Compute the mean petal_area per species.

grouped = (
    df.groupby("species")
      .agg(mean_petal_area=("petal_area", "mean"),
           mean_sepal_length=("sepal_length", "mean"))
      .reset_index()
)

grouped
species mean_petal_area mean_sepal_length
0 setosa 0.36560 5.006000
1 versicolor 5.72040 5.936000
2 virginica 11.32898 6.604082

Conditional Logic

Create a simple size category based on petal_area.

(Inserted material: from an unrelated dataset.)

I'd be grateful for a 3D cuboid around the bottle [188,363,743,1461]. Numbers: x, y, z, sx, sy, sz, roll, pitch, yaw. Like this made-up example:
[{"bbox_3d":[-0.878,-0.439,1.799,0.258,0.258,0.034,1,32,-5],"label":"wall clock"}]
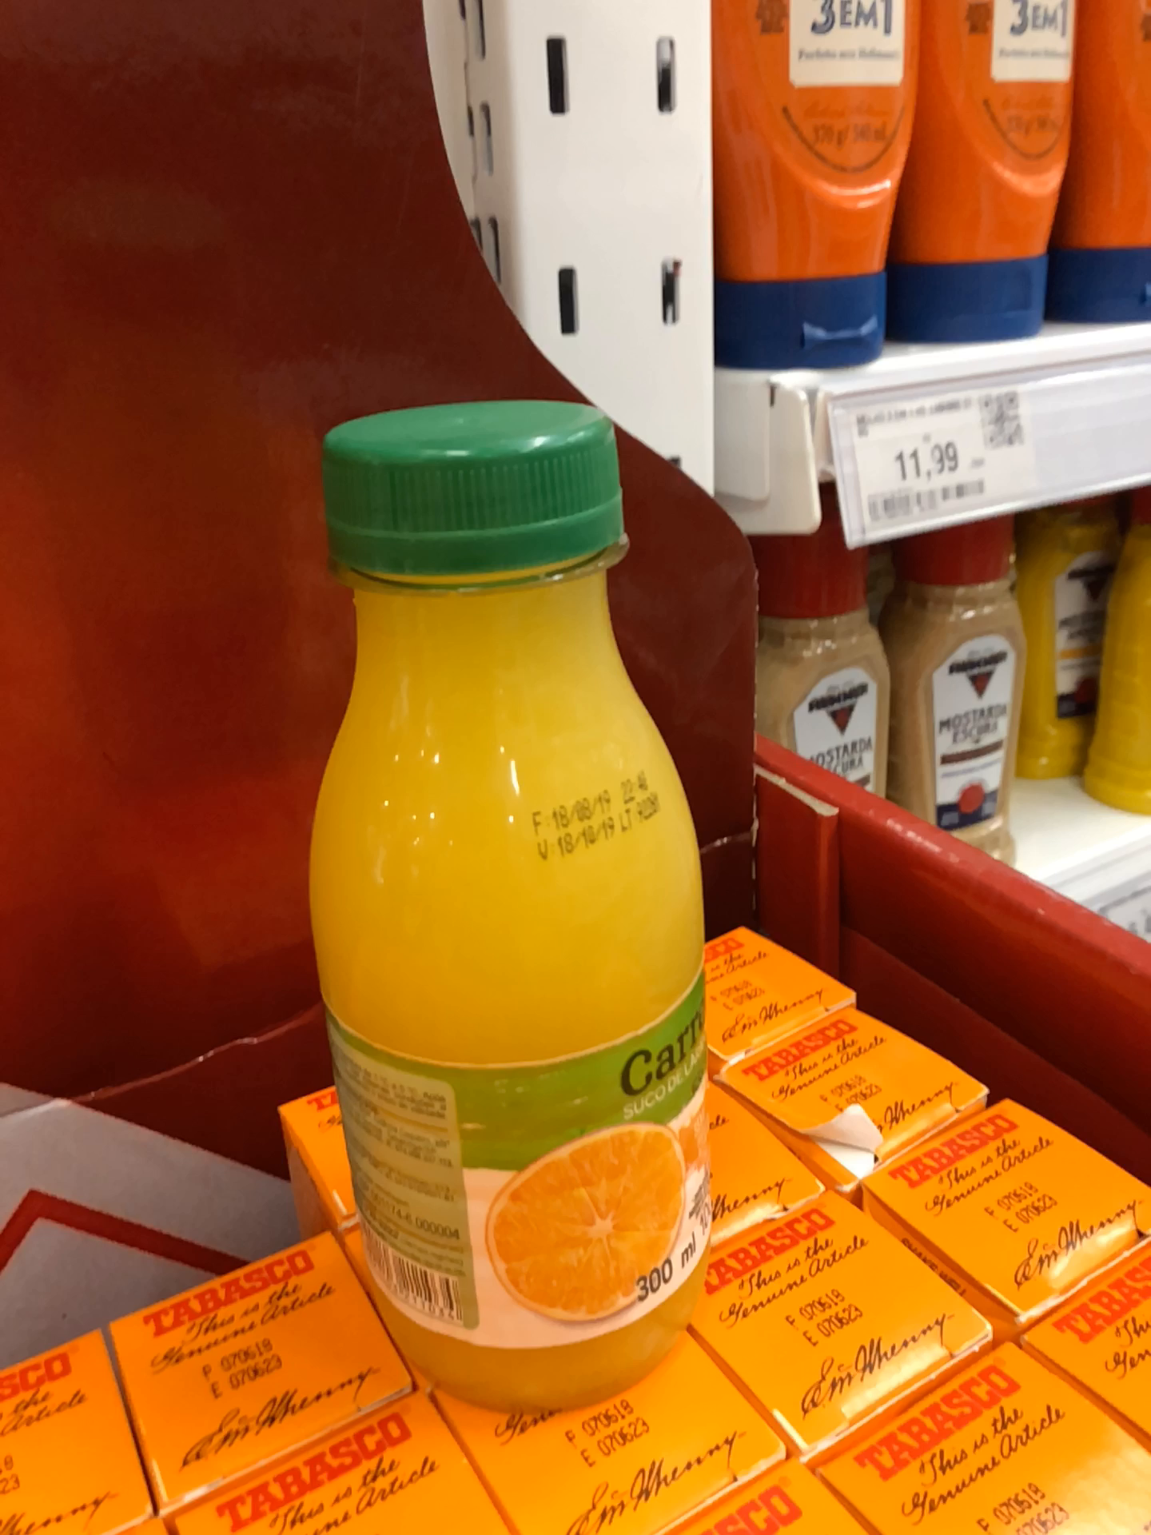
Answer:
[{"bbox_3d":[-0.007,0.020,0.196,0.050,0.149,0.060,5,24,20],"label":"bottle"}]

df["size_category"] = df["petal_area"].apply(
    lambda x: "large" if x > df["petal_area"].median() else "small"
)

df.head()
sepal_length sepal_width petal_length petal_width species petal_area size_category
0 5.1 3.5 1.4 0.2 setosa 0.28 small
1 4.9 3.0 1.4 0.2 setosa 0.28 small
2 4.7 3.2 1.3 0.2 setosa 0.26 small
3 4.6 3.1 1.5 0.2 setosa 0.30 small
4 5.0 3.6 1.4 0.2 setosa 0.28 small

Reshaping Example (Long Format)

Convert selected columns to long format.

df_long = df.melt(
    id_vars="species",
    value_vars=["sepal_length", "sepal_width", "petal_length", "petal_width"],
    var_name="measurement",
    value_name="value"
)

df_long.head()
species measurement value
0 setosa sepal_length 5.1
1 setosa sepal_length 4.9
2 setosa sepal_length 4.7
3 setosa sepal_length 4.6
4 setosa sepal_length 5.0

Validation Checks

print("Shape:", df.shape)
print("Missing values:", int(df.isna().sum().sum()))
Shape: (149, 7)
Missing values: 0

Summary

  • You selected and filtered data
  • You created derived features
  • You grouped and aggregated values
  • You applied conditional logic
  • You reshaped data into long format

These transformations form the foundation of real-world data preparation workflows.